**Work task**
Below are entries; output exactly the lines from the one with "#35 cardboard box at [275, 662, 397, 858]" to the one with "#48 plastic bottle at [1590, 991, 1622, 1079]", both included, and nothing else.

START Extracted data

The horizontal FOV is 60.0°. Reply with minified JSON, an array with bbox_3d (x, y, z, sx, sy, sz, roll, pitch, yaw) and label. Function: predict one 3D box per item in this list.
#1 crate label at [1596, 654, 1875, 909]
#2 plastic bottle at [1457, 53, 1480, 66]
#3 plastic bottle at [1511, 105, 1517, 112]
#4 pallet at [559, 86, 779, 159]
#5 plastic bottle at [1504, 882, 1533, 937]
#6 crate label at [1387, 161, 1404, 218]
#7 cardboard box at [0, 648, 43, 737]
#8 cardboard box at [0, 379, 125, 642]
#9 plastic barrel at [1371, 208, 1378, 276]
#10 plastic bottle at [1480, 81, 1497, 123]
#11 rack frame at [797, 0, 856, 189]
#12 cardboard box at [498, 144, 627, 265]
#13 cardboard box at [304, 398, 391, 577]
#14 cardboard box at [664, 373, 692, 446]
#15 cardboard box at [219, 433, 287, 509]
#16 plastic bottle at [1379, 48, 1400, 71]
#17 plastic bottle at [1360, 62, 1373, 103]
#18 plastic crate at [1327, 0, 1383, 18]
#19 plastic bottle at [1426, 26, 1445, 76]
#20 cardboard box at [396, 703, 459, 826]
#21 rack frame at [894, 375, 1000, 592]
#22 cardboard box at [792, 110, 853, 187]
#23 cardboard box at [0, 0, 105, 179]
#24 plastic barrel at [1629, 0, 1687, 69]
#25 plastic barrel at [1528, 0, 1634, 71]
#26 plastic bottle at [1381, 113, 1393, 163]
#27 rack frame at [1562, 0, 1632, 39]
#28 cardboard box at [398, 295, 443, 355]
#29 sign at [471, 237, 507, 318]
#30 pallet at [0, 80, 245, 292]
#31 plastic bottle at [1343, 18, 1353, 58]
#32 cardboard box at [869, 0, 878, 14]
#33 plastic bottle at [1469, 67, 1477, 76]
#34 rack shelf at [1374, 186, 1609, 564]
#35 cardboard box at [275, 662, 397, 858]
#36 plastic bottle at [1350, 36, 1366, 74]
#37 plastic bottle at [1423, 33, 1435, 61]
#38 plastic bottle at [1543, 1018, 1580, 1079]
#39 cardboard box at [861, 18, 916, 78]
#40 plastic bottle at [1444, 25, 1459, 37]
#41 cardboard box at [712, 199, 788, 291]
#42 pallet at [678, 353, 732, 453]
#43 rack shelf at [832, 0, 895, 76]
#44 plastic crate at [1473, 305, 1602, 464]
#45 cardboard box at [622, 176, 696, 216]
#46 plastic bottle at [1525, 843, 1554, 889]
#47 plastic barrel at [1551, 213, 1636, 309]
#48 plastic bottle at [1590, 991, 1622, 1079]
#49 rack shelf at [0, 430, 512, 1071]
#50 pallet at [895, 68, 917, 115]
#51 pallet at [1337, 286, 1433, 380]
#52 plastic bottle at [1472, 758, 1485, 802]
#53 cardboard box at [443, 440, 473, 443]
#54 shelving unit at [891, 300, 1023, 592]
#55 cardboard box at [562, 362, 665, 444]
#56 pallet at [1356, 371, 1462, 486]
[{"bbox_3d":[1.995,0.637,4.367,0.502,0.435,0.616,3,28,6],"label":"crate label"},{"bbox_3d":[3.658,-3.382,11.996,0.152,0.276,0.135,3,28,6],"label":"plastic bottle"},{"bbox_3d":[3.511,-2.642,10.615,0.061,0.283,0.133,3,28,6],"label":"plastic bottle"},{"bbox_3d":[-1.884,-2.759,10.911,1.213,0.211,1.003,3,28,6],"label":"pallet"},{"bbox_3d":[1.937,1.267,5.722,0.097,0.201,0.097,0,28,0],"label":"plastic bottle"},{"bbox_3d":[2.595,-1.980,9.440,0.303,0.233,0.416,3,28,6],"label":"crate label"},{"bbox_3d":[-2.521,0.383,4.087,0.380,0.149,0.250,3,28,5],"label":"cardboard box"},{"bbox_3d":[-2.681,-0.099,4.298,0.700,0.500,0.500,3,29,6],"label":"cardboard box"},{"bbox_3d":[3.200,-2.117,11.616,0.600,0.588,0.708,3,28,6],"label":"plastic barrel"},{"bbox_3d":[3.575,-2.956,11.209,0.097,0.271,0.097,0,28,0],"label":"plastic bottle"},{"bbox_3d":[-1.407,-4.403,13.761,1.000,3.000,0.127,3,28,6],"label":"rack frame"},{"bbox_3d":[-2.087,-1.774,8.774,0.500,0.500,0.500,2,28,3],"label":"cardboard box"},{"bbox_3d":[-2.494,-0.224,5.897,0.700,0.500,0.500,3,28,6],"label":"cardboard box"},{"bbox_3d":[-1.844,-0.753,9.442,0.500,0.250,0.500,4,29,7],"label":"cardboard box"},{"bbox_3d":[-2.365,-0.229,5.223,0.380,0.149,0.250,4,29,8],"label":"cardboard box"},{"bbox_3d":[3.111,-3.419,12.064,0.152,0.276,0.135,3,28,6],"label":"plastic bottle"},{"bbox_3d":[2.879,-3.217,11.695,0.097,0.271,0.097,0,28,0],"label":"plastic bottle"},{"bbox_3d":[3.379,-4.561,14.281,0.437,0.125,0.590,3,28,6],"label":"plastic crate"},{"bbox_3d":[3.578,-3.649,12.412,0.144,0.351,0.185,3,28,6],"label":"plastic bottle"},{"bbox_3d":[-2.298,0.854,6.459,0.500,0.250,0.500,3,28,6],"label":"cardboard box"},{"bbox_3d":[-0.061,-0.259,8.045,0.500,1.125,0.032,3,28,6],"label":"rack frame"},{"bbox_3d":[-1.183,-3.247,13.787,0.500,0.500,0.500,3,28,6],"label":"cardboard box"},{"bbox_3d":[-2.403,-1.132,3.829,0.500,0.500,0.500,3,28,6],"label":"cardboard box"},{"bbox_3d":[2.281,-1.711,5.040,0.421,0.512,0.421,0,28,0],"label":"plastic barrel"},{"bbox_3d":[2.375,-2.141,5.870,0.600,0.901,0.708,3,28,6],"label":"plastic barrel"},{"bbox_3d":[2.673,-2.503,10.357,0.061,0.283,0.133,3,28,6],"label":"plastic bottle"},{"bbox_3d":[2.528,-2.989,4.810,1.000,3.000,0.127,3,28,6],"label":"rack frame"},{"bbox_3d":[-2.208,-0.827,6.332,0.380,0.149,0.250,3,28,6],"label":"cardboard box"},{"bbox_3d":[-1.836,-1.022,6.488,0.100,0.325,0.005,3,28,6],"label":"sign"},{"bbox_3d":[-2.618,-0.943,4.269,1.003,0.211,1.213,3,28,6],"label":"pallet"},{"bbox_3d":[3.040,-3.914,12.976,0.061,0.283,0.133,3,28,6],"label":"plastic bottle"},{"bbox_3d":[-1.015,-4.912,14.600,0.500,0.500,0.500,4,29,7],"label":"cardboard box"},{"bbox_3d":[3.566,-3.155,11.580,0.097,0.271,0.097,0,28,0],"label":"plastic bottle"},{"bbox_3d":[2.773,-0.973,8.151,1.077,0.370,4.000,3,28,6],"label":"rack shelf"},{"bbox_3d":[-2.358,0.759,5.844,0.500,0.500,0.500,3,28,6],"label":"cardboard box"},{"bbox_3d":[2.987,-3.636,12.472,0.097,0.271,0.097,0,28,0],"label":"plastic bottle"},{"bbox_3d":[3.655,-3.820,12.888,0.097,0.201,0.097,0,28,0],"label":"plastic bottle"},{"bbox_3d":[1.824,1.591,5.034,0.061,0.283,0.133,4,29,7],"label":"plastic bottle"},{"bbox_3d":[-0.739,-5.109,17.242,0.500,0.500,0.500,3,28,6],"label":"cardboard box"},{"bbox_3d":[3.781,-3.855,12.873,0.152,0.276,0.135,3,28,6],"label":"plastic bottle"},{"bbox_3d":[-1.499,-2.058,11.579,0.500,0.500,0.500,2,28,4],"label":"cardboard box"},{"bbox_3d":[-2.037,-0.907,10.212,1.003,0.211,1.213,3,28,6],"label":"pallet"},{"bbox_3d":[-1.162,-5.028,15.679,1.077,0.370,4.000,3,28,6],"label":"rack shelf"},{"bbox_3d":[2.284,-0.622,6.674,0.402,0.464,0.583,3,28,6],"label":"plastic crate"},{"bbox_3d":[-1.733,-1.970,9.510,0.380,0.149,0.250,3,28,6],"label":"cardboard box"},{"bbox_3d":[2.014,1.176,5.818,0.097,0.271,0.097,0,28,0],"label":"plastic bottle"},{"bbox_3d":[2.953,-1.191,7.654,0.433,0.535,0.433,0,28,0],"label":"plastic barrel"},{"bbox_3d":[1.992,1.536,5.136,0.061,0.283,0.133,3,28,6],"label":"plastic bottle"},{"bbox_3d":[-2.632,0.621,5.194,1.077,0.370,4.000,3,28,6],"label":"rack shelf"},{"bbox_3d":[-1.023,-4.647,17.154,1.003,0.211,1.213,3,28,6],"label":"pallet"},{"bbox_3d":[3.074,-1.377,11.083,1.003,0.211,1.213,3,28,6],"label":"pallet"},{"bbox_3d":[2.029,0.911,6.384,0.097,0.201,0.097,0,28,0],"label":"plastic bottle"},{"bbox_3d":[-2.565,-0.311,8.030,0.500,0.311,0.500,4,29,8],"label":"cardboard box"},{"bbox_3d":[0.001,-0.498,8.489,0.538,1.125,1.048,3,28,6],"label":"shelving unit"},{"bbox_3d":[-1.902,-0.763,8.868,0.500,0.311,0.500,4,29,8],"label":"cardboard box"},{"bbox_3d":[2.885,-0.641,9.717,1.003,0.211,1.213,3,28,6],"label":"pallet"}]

END Extracted data

**Exercise output**
#35 cardboard box at [275, 662, 397, 858]
#36 plastic bottle at [1350, 36, 1366, 74]
#37 plastic bottle at [1423, 33, 1435, 61]
#38 plastic bottle at [1543, 1018, 1580, 1079]
#39 cardboard box at [861, 18, 916, 78]
#40 plastic bottle at [1444, 25, 1459, 37]
#41 cardboard box at [712, 199, 788, 291]
#42 pallet at [678, 353, 732, 453]
#43 rack shelf at [832, 0, 895, 76]
#44 plastic crate at [1473, 305, 1602, 464]
#45 cardboard box at [622, 176, 696, 216]
#46 plastic bottle at [1525, 843, 1554, 889]
#47 plastic barrel at [1551, 213, 1636, 309]
#48 plastic bottle at [1590, 991, 1622, 1079]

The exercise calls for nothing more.